Марго, лежа в постели Ореста, вдруг вспомнила о папке с какими‑то бумагами и наказала себе посмотреть их завтра утром. В папке оказалась её собственная рукопись, потерю которй она уже оплакала. Марго, наспех заглянув в текст, не без удовольствия погрузилась в чтение — при этом её мысль временами совершала неосознанные подмены: когда язык спотыкался о слово «жертвоприношение», в глазах вставал образ Ореста — с мечом, насмешливый, красивый от отчаяния. Что‑то тревожное поселилось в чувствах Марго, некий неразгаданный смысл, совершенно далёкий от предмета филологического исследования, мерцал в её сознании. Марго не могла понять связи между чувством тревоги, которое порождал текст, и возникающим во время чтения удовольствием, похожим на сладкое предвкушение мести.
Писать, чтобы умереть, умереть, чтобы писать.
Из дневника Франца Кафки
В искусстве Юкио Мисима был последним воином красоты. «Божественный ветер» красоты сметает на своём пути всё, не щадя ни творцов, ни их творений, ни нас с вами, пассивных созерцателей. Мисима не противостоял небытию, его мужество в другом: он шел ему навстречу, до конца, до предела, на край ночи. Этот же путь проходят его герои. Говорить о том, что он был создателем эстетики смерти, было бы неверно, потому что феномен Мисима как художника не мог бы состояться, если бы его детская одержимость смертью не подвергалась такому художественному изображению и анализу, в результате которого его мысль обретала иную валентность — от идеи смерти он приходит к идее небытия. Герои Мисимы живут не только в присутствии смерти, но и в присутствии красоты; они подвергаются одинаковому испытанию со стороны того и другого. Если красота не может быть воплощена ни в храме, ни в теле, ни в слове, то мысль художника неизбежно впадает в область метафизики. Тогда образы и персонажи обретают символическое содержание. Именно в этом ключе следовало бы прочитывать произведения Мисимы.
Морис Бланшо, комментируя дневники Кафки и в частности его слова, что «всё самое лучшее из написанного мной было основано на готовности спокойно умереть», пишет: «Кафка, таким образом, глубоко ощущает, что искусство — это взаимодействие со смертью. Почему со смертью? Потому что она — предел. Владеющий ею — предельно владеющий собой — открыт для всех своих возможностей, воплощает полноту власти. Искусство — это власть над предельным моментом, предельная власть».
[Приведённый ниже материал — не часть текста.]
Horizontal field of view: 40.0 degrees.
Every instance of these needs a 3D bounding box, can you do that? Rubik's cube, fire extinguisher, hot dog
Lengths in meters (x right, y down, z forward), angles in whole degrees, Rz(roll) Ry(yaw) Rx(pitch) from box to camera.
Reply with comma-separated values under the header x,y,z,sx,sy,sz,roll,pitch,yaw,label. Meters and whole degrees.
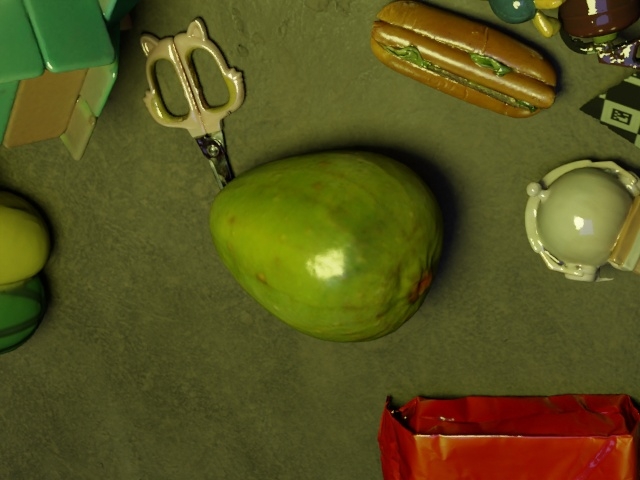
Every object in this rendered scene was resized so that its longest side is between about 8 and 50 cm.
x,y,z,sx,sy,sz,roll,pitch,yaw,label
-0.389,-0.287,1.073,0.368,0.358,0.387,28,126,38,Rubik's cube
0.317,-0.351,0.990,0.141,0.105,0.341,-3,113,35,fire extinguisher
0.181,-0.228,1.116,0.249,0.068,0.100,22,121,4,hot dog

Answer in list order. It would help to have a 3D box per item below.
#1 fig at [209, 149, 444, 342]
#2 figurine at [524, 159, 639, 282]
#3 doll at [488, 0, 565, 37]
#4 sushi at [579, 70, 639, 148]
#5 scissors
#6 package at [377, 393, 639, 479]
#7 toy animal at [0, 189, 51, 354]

Можно сказать, что Мисима не вышел из кафкианского круга, обозначенного в эпиграфе. Творчество подготавливало Мисиму не столько к смерти, сколько к абсолютной свободе: не она выбирала, а он! Мисима перехватил инициативу у смерти. Его «гибель всерьёз» повернула читателя лицом к тому, от чего он малодушно отворачивается. С другой стороны, опыт Мисимы свидетельствует о торжестве бесконечной красоты над рассудком, красоты, которая мстит художнику за его посягательство на право быть её творцом. Герой романа «Золотой храм» сравнивает эстетику, науку о красоте, со мшистым камнем. В этом прочитывается противопоставление нетленной красоты и артефактов художника — он кладёт свой эстетический камень в основание пирамиды, которая, как известно, есть место смерти.
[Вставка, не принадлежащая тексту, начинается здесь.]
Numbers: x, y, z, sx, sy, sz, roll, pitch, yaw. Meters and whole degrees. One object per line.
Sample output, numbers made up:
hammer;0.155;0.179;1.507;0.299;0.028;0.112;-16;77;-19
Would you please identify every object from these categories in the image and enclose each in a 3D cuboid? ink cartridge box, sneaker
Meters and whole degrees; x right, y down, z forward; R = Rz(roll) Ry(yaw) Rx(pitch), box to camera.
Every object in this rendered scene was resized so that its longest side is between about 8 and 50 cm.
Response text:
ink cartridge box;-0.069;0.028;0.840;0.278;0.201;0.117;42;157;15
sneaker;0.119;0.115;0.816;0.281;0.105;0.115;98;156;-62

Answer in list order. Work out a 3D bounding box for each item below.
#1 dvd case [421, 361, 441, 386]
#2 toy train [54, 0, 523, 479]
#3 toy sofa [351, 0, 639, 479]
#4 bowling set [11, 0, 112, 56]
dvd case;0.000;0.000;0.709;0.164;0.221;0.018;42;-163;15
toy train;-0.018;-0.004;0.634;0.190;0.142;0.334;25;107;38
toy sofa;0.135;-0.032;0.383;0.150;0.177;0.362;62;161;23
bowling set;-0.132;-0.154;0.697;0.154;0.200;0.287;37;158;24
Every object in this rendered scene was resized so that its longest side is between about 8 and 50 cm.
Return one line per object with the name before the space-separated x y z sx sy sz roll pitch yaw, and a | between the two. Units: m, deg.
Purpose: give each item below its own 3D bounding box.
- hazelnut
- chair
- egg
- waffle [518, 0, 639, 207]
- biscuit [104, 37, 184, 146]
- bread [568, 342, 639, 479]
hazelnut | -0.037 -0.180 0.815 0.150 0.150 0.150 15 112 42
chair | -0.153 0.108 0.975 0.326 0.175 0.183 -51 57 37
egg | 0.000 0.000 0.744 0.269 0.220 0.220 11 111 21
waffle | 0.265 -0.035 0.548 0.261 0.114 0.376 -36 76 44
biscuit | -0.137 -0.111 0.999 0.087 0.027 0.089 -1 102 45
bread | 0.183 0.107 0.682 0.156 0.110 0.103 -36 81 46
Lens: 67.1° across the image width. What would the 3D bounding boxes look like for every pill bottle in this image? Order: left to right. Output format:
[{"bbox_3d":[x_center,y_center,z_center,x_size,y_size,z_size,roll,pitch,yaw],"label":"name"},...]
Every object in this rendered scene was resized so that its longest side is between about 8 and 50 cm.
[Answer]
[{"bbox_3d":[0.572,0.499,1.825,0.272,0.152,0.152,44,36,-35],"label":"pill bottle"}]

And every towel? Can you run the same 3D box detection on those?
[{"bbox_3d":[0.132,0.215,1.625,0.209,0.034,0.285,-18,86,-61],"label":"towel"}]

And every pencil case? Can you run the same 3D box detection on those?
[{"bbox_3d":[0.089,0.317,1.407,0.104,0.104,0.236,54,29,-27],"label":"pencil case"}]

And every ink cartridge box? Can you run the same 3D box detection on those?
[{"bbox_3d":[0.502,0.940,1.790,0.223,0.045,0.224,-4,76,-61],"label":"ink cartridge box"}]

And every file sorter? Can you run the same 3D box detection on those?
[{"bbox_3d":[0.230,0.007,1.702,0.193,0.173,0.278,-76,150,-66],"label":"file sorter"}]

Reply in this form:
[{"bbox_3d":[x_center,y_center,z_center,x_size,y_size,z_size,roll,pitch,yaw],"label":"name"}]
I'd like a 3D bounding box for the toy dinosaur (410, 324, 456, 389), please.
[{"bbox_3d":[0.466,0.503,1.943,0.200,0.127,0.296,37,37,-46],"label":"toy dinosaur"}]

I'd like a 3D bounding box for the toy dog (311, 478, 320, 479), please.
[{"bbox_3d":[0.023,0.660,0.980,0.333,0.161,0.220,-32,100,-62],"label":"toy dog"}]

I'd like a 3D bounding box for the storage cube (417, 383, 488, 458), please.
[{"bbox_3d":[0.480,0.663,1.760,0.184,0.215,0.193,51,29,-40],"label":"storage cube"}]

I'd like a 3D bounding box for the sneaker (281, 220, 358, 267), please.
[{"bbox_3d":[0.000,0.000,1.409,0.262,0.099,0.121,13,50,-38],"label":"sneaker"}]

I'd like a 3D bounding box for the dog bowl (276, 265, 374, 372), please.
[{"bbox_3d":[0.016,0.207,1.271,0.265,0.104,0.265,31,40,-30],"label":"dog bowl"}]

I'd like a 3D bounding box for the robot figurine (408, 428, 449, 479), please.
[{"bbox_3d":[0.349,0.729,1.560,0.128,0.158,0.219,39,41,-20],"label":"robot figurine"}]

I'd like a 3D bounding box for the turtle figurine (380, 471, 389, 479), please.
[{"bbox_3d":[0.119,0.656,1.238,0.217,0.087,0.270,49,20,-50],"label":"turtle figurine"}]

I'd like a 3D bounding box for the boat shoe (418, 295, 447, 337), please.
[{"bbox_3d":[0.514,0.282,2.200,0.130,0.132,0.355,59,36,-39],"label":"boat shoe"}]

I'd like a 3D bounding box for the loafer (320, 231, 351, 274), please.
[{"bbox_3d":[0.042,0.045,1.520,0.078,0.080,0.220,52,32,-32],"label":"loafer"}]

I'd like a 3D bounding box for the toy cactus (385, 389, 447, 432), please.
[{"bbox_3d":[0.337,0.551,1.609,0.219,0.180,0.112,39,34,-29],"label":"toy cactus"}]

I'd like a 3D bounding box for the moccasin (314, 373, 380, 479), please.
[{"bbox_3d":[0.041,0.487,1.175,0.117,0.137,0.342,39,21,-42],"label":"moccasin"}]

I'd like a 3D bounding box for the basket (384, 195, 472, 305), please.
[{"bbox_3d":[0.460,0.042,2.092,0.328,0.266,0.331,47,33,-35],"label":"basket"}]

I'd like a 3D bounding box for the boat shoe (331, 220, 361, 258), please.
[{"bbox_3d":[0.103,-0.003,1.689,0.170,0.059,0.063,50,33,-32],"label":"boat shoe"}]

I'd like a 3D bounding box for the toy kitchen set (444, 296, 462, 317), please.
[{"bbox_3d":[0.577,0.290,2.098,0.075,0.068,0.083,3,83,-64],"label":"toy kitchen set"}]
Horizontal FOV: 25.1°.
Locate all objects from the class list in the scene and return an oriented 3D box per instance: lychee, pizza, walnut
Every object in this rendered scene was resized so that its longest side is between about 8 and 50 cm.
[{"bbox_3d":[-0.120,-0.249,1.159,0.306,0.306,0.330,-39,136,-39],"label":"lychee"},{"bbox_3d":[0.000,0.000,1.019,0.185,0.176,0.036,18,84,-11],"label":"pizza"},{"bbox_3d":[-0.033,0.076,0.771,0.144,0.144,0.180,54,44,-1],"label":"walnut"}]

Двойное самоубийство Мисимы и Мориты, разыгранное писателем как театральный фарс, стало последним его произведением, в котором воплотился эстетический принцип: «слово — ничто, а действие — всё». Смерть как эстетический артефакт — есть сомнительное художественное изобретение. Для Мисимы это была единственная возможность присвоить смерть — даже ценой собственной гибели. Его творчество находится в парадигме — красота и смерть; красота и слово; красота и действие; красота и эрос. Из биографии Мисимы известен такой факт: однажды он написал свой псевдоним иероглифами, означающими «завороженный дьяволом».
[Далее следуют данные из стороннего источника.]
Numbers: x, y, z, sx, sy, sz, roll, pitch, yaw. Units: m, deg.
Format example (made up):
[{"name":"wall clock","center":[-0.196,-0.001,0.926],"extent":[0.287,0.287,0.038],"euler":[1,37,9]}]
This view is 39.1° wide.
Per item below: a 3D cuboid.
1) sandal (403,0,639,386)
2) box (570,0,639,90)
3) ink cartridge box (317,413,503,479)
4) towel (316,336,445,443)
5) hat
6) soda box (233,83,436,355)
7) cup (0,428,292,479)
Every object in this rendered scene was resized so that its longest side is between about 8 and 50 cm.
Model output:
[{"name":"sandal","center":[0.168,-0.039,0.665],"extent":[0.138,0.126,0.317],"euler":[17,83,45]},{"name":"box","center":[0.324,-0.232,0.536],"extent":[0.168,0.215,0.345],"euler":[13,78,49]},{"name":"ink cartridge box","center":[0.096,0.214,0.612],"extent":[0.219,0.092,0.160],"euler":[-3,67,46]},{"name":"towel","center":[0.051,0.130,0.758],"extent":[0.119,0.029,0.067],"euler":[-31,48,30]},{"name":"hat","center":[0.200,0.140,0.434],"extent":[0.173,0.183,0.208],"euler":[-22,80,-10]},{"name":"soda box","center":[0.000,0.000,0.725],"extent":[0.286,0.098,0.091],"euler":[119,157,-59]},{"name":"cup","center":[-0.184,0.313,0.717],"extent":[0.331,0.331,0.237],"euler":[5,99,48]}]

Имя этому дьяволу — Смерть. Осознание конечности индивидуального сознания, «я», всегда было первым импульсом к творчеству, будь то древний человек с его наскальной эротической живописью или современный — с его усложнённой психологией, отягощенной культурой и рефлексией. Жорж Батай, который в отличие от Мисимы совершал свои погружения в иррациональное, в смерть только в дискурсе, писал в «Слезах эроса»: «Если верно, что по существу «дьявольское» означает совпадение смерти и эротизма, то как мы можем не заметить, если дьявол есть в конечном итоге всего лишь наше безумие, если мы рыдаем, если протяжные рыдания сотрясают нас — или если безумный смех овладевает нами, — как мы можем не заметить связанную с рождающимся эротизмом тревогу, наваждение смерти (смерти, в некотором смысле трагической, но сохраняющей, несмотря на это, свою смехотворность)?»